For all the progress in AI-generated text, one stubborn task has stayed painfully human: making academic figures. Flowcharts, methodology diagrams, and plots still eat up hours of a researcher’s time. A new system called PaperBanana thinks that’s about to change.
Developed by researchers from Google Cloud AI Research and Peking University, PaperBanana is designed to automatically generate publication-ready academic illustrations from plain research text. No Figma. No Illustrator. No design instincts required.
Turning Methods Text Into Finished Figures
PaperBanana isn’t just another image generator. It’s built as an agentic system—meaning multiple AI agents work together, each handling a specific role in the illustration process.
One agent retrieves visual references from existing papers. Another plans what the diagram should show. A stylist agent enforces academic design norms. A visualizer renders the image or plotting code. Finally, a critic agent reviews the result and pushes refinements back into the loop.
The goal is simple but ambitious: take raw methodology text and output figures that wouldn’t look out of place at top-tier conferences.
A Benchmark Built From Real NeurIPS Papers
To prove this works, the team introduced a new benchmark called PaperBananaBench, built from methodology diagrams published at NeurIPS 2025. That’s notable because these figures represent some of the most polished visuals in modern AI research.
The benchmark includes 292 test cases across a wide range of domains and diagram styles, paired with reference examples. According to the authors, this setup better reflects real-world academic expectations than prior synthetic datasets.
On this benchmark, PaperBanana consistently outperformed existing baselines across four criteria: faithfulness to the source text, conciseness, readability, and visual aesthetics.

Beyond Diagrams: Plots and Polish
The system doesn’t stop at flowcharts. The researchers also tested PaperBanana on statistical plots, showing it can generate charts directly from raw data or textual descriptions.

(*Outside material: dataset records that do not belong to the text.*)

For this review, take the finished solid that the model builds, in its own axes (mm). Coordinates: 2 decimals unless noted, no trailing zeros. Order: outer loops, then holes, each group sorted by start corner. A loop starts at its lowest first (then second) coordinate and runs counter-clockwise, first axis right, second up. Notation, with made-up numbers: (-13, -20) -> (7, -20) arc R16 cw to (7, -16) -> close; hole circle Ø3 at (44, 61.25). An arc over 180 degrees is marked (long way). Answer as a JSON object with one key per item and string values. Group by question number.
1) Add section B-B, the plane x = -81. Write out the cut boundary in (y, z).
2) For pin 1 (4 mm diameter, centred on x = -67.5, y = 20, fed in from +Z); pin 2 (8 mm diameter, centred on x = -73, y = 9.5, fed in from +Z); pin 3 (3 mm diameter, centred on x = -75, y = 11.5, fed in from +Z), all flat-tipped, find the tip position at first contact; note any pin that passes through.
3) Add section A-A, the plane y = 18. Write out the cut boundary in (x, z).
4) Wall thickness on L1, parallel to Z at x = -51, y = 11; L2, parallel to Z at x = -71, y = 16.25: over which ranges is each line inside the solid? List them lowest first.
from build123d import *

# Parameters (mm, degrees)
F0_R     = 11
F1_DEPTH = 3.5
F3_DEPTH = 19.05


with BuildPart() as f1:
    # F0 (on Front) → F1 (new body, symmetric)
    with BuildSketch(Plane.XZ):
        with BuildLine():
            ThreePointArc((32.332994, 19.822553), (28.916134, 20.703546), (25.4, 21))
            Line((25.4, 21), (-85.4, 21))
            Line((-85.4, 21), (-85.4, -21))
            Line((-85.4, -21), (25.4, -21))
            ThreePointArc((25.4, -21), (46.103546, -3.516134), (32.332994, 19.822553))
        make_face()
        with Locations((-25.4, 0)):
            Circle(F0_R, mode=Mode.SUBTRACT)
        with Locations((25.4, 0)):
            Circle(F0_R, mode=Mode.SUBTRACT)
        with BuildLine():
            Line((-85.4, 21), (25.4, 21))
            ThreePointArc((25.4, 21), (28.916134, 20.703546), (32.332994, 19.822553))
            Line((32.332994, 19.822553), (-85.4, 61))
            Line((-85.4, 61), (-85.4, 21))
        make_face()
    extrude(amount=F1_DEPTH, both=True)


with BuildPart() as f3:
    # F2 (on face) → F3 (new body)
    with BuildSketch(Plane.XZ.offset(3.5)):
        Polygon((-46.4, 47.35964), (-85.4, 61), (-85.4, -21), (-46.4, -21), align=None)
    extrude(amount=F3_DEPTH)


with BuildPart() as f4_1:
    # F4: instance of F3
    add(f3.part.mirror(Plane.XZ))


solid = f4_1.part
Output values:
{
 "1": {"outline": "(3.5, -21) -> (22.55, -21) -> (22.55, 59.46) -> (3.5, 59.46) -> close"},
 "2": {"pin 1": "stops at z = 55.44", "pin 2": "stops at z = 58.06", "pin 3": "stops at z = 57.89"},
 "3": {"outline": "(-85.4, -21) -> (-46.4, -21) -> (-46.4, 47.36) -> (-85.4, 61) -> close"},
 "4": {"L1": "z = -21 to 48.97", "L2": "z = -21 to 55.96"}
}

Interestingly, the team explored two different approaches: code-based plotting versus image generation. Image models often produced more visually appealing charts—but sometimes at the cost of accuracy, introducing issues like duplicated elements or numerical inconsistencies. Code-based plots were more faithful, but less polished.
PaperBanana can also be used to upgrade human-drawn figures. By extracting design patterns from high-quality papers, it can restyle existing diagrams with cleaner layouts, better typography, and more consistent color schemes—without changing the underlying content.
Where It Still Breaks
The system isn’t flawless. The most common failures involve connection errors—extra arrows, mismatched nodes, or incorrect links between components. In some cases, even the critic agent fails to catch these mistakes.
The authors attribute this to current limitations in vision-language models, especially when reasoning over dense graphical relationships. In other words, AI still struggles with the same visual complexity that frustrates humans.
Why This Matters
As AI-generated research accelerates, visuals are becoming the next bottleneck. Papers can be drafted in hours, but figures still slow everything down—especially during revisions.
PaperBanana hints at a future where figures update automatically as methods change, and visual quality becomes standardized across labs and institutions. That could quietly reshape how research is produced, reviewed, and published.
It’s no surprise the project is already getting attention online. Tech commentator Hasan Toor described PaperBanana as eliminating one of the last “manual” steps in AI research workflows.
Conclusion
PaperBanana won’t replace human judgment anytime soon—but it could replace hours of tedious design work. If systems like this mature, the question won’t be whether AI makes research figures, but why humans ever had to do it in the first place.